Though elements of her previous work are undeniably evident during Music For Film And Theatre, it represents an alternative side to KARIJORD’s muse, with vocals employed as instruments rather than as a song’s focus, and her fascination with stringed instruments also very much to the fore. “They’re an attempt to get away from the melody driven formula,” she elaborates of the compositions, “to challenge my sense of form, to dare to be more abstract than I allow myself when I write traditional songs. My solo songs have to stand up for themselves, whereas film music pieces are players in an orchestra. I see them as something underlining the emotional thread, the unsaid, the fundamental tone chiming throughout. The music is supposed to capture that, in a subtle way, sometimes pulling along with it, sometimes working against it: creating understanding, creating friction. Sometimes the music can be a manipulator, but in a caring way, softly resting a hand on the viewer’s back, saying ‘Go this way...’”

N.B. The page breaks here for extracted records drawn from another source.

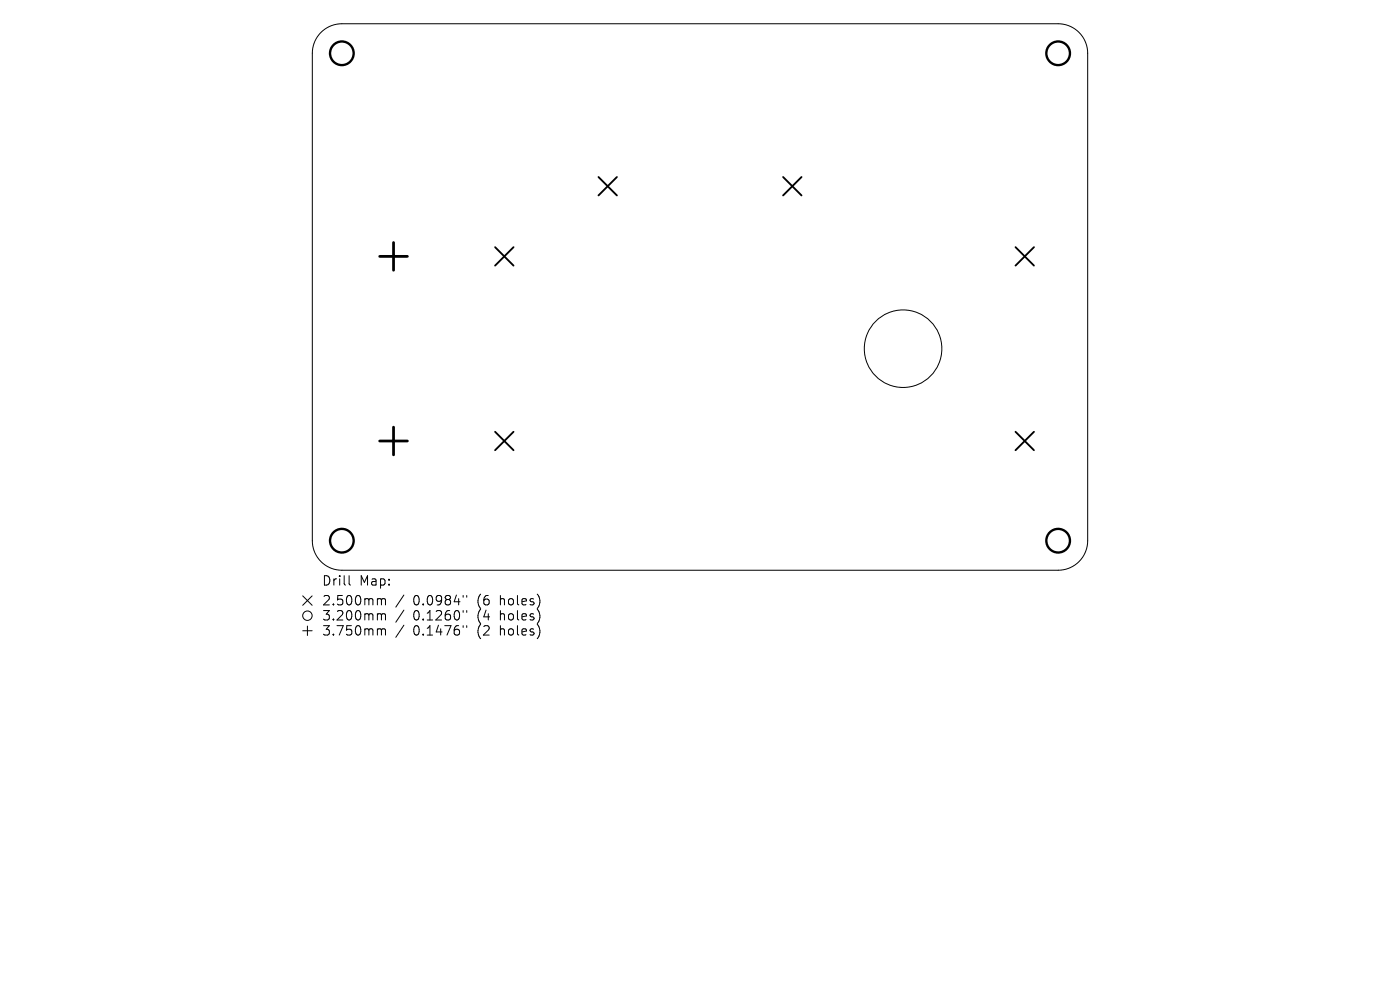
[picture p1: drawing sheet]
<svg xmlns="http://www.w3.org/2000/svg" width="297mm" height="210mm" viewBox="0 0 297 210" stroke-linecap="round" stroke-linejoin="round" font-family="sans-serif">
<defs><g id="words">
<g font-size="2.8">
<text x="68.2" y="124.5">Drill</text>
<text x="76.2" y="124.5">Map:</text>
<text x="68.2" y="128.7">2.500mm</text>
<text x="68.2" y="131.9">3.200mm</text>
<text x="87.7" y="128.7">0.0984&quot;</text>
<text x="87.7" y="131.9">0.1260&quot;</text>
<text x="101.4" y="128.7">(6</text>
<text x="101.4" y="131.9">(4</text>
<text x="106.4" y="128.7">holes)</text>
<text x="106.4" y="131.9">holes)</text>
<text x="68.2" y="135.1">3.750mm</text>
<text x="87.7" y="135.1">0.1476&quot;</text>
<text x="101.4" y="135.1">(2</text>
<text x="106.4" y="135.1">holes)</text>
</g>
</g></defs>
<g fill="none" stroke="#000" stroke-width=".21">
<path d="M68.1 6.9a6.3 6.3 0 0 1 4.4-1.9h152a6.3 6.3 0 0 1 6.2 6.3v103.4a6.3 6.3 0 0 1-6.2 6.3h-152a6.3 6.3 0 0 1-6.2-6.3v-103.4a6.3 6.3 0 0 1 1.8-4.4zM64.2 126.4l2 2M64.2 133.8h2M65.2 132.8v2M66.2 126.4l-2 2M74.1 122.1v1.7l.2 .3M80.3 127l.5 .1 .1 .2M80.3 130.2h.3l.3 .3M80.3 133.4l.5 .1 .1 .2M80.9 127.3l.3-.3 .5 .1 .1 1.2M80.9 127.3v1M80.9 130.5v1"/>
<path d="M80.9 133.7v1M80.9 130.5l.3-.3 .5 .1 .1 1.2M80.9 133.7l.3-.3 .5 .1 .1 1.2M85.7 126.2l-1.7 2.6M85.7 129.4l-1.7 2.6M85.7 132.6l-1.7 2.6M98.3 126.3v.4M98.3 129.5v.4M98.3 132.7v.4M99 126.3v.4M99 129.5v.4M99 132.7v.4"/>
<circle cx="191.6" cy="74" r="8.2"/>
<circle cx="65.2" cy="130.6" r="1"/>
</g>
<path d="M127 37.5l3.9 4M130.9 37.5l-3.9 4M166.1 37.5l3.9 4M170 37.5l-3.9 4M105 52.4l3.9 3.9M108.9 52.4l-3.9 3.9M215.4 52.4l3.9 3.9M219.3 52.4l-3.9 3.9M105 91.6l3.9 3.9M108.9 91.6l-3.9 3.9M215.4 91.6l3.9 3.9M219.3 91.6l-3.9 3.9" fill="none" stroke="#000" stroke-width=".39"/>
<g fill="none" stroke="#000" stroke-width=".5">
<circle cx="72.5" cy="11.3" r="2.51"/>
<circle cx="224.5" cy="11.3" r="2.51"/>
<circle cx="72.5" cy="114.7" r="2.51"/>
<circle cx="224.5" cy="114.7" r="2.51"/>
</g>
<path d="M80.6 54.4h5.8M83.5 51.4v5.9M80.6 93.6h5.8M83.5 90.6v5.9" fill="none" stroke="#000" stroke-width=".59"/>
<use href="#words"/>
</svg>

Music For Film And Theatre provides a gorgeous, frequently lush experience. It’s one to which KARIJORD herself often accurately applies the label ‘ambient’: within the repetition of tracks like ‘Madrigal’, ‘Salhus’, ‘Migratory Birds’ and ‘Morula’ there’s an undeniable Eno-esque quality, though inevitably KARIJORD moves in different directions to the godfather of the ambient movement. Elsewhere there are other comparably experimental excursions: the angelic choral vocals and Arvo Pärt violin of ‘Nowhere Home’, the ethereal, mystical ‘The End, and ‘Kjaere Gud’, which conjures up the remarkable ghosts of Le Mystère des Voix Bulgares. There are also airier tracks, like the placid, moving yet strangely tense ‘Snö’, the gentle piano strains of ‘Waltz For Norma’, and ‘Anchor Boy’, as delicately melancholic as anything Agnes Obel has delivered.
There will be more to come, too. Now that Music For Film And Theatre has been compiled, KARIJORD is currently working on a further three film projects, and has also begun work writing for her next album. For the time being, however, Music For Film And Theatre is a wonderful opportunity to enjoy another, mesmerising side to an extraordinary artist’s talents.